0000 Xxxxxx xx xxx Xxxxxxxx
Xxx Xxxx, Xxx Xxxx 00000
Dear Sirs:
We, the undersigned ACM Income Fund, Inc. herewith confirm our agreement with you as follows:
1. We are a closed-end, non-diversified management investment company registered under the Investment Company Act of 1940 (the "Act"). We are engaged in the business of investing and reinvesting our assets in securities of the type and in accordance with the limitations specified in our Articles of Incorporation, By-Laws, registration statement filed with the Securities and Exchange Commission under the Securities Act of 1933 and the Act, and any representations made in our prospectus, all in such manner and to such extent as may from time to time be authorized by our Board of Directors. We enclose copies of the documents listed above and will from time to time furnish you with any amendments thereof.
2.
(a) We hereby employ you to manage the investment and reinvestment of our assets as above specified, and, without limiting the generality of the foregoing, to provide management and other services specified below.

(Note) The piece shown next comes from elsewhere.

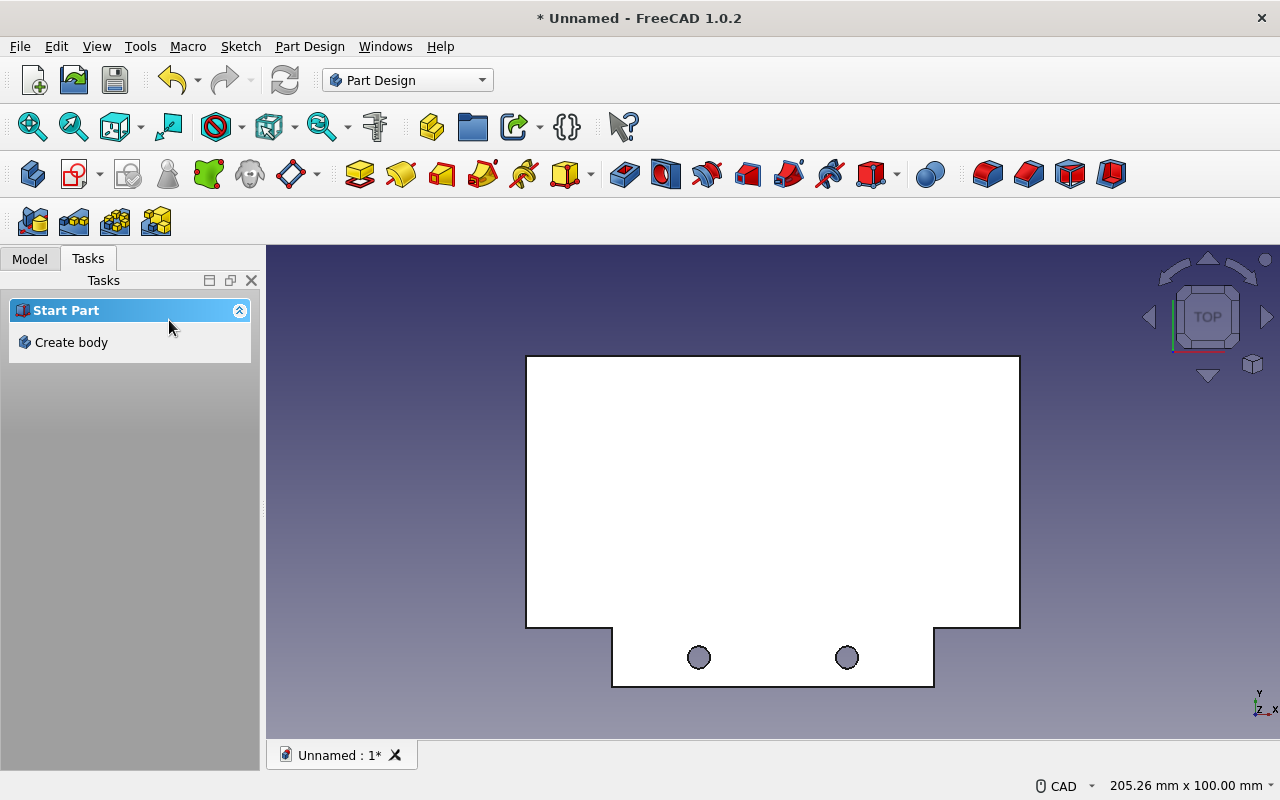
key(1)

(b) You will make decisions with respect to all purchases and sales of our portfolio securities. To carry out such decisions, you are hereby authorized, as our agent and attorney-in-fact, for our account and at our risk and in our name, to place orders for the investment and reinvestment of our assets. In all purchases, sales and other transactions in our portfolio securities you are authorized to exercise full discretion and act for us in the same manner and with the same force and effect as we might or could do with respect to such purchases, sales or other transactions, as well as with respect to all other things necessary or incidental to the furtherance or conduct of such purchases, sales or other transactions.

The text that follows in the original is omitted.